Rolling right along getting sub-roadbed sections cut. The cutting is the easy part. Figuring out where each segment should begin and end was much more challenging. I folded little tent cards from notepad paper to use as my markers. This worked real well since I could freely move them all I wanted. Each section joint had to be between crossmembers so as not to interfere with riser positioning. The joints also could not be near a switch or complicated track work. Recall I am using “every other one” methodology for laying track on the sections. Even number sections will be built-up on the workbench. Odd number sections will have their track laid while the section is in place on the layout. This allows me to build the complicated track work on the bench while the in-between odd number sections serve to join the pre-built sections and adjust for any minor misalignment. Working with the tape measure and moving the tent cards I was finally able to put together an arrangement that fits the requirements while allowing each section to be cut from a 4×8 sheet of plywood. With the exception of one spot. There is always an exception, isn’t there?

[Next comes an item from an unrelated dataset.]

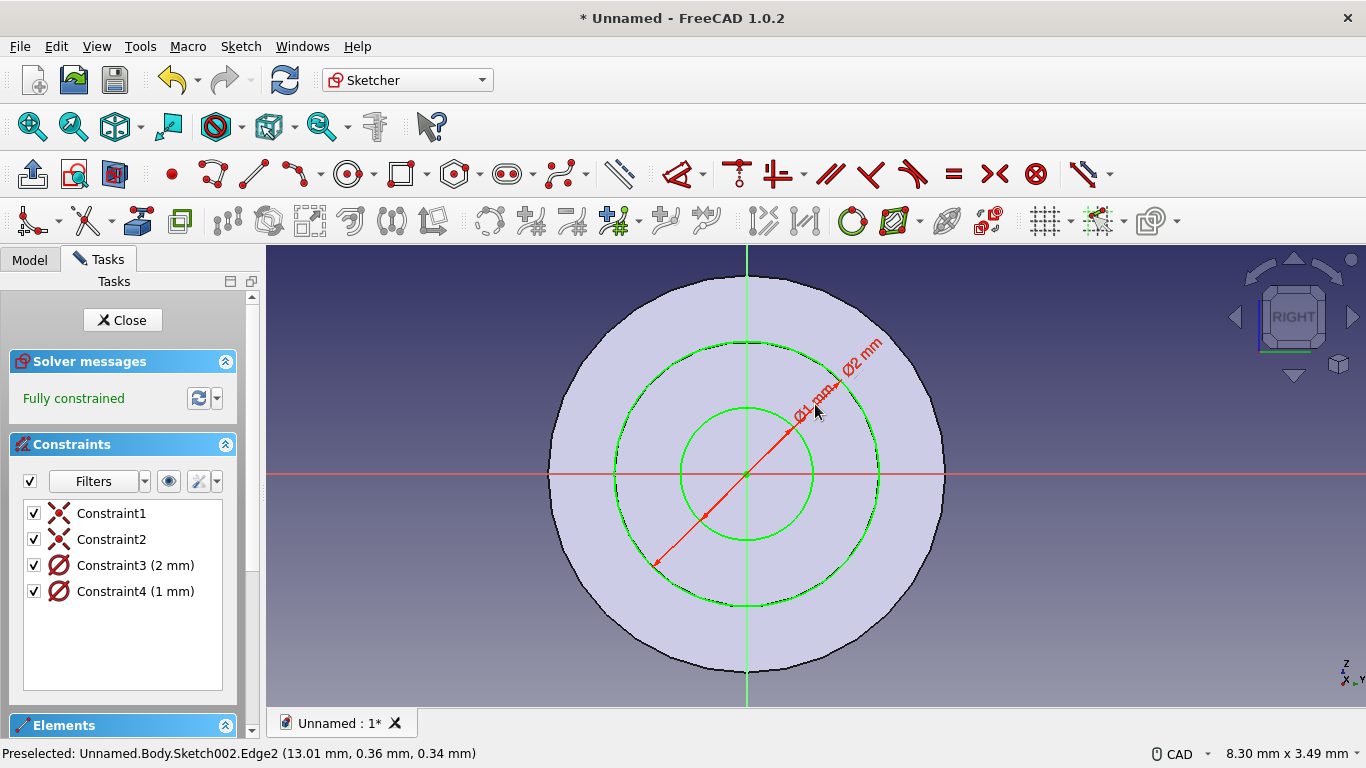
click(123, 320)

This is the Lapeer area section. It is the largest single section measuring 96″ long by 51″ wide. Yes, 51″ dag nabbit. So close to 48″. Rather than split it into three sections (even-odd-even) I decided to “extend” my plywood sheet in the one spot where the track plan hangs over. You can see my gluing operation going on in the upper left corner of the picture below. Having Lapeer as one big section will pay huge dividends later. Fortunately, this is the only occurrence of sheet extending I have to do. As you can see, the Lapeer section is also a plywood sheet waster. It is worth the price on this one
section because it will allow me to build the entire Lapeer track work as one big piece and at the workbench. Lapeer is the biggest single section on the railroad. For all the rest of the sections I have been working with the track plan cutouts much like one would do a puzzle. This has allowed me to minimize the scrap. At $48 a sheet I try my best to keep the waste to a minimum. I’ll get a few more sections from this sheet so it isn’t going to be a huge waste. I purposely cut the longest sections first and work my way to the shorter sections that I can cut from smaller and smaller cutoff pieces. In the photo gallery there is a picture of my scrap thus far. I don’t think it too bad at all considering how many sections have been cut.

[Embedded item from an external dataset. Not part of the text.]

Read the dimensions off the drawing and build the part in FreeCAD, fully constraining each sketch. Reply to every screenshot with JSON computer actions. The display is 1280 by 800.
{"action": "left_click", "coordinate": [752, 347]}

While the glue is drying I grabbed the camera and took some pictures. I have about 2/3 of the layout cut but the lights were on only in Zone 3 so that’s all the photos I took for today. Yes, the lighting system is working out well. It is nice having to turn on the lamps and LEDs only in the area where I am working. Saves on electricity! I’ll post photos of the whole thing once all sections are cut.
Accomplished so far:
Reinforce with clear packing tape each seam in the paper where track crosses from sheet to sheet. Stretch and pin the paper plan tighter than it is now. Divide the plan into sections that can be cut from a single sheet of plywood (no section can exceed 8′ in length). Try to keep areas that have a high density of switches on the same piece of sub-roadbed. Using a razor blade, cut out the track along the roadbed lines printed on the plan. Mark alignment points on the crossmembers corresponding to the openings created by removing the track segments.
- When all track segments have been removed and all crossmembers marked the non-roadbed portion of the paper plan will be discarded. (Decided not to do this just yet)
- Trace and cut from 3/4″ plywood all sub-roadbed sections leaving 1/4″ extra on the ends. Locate the sections in their proper place on the benchwork. Refine the joining ends.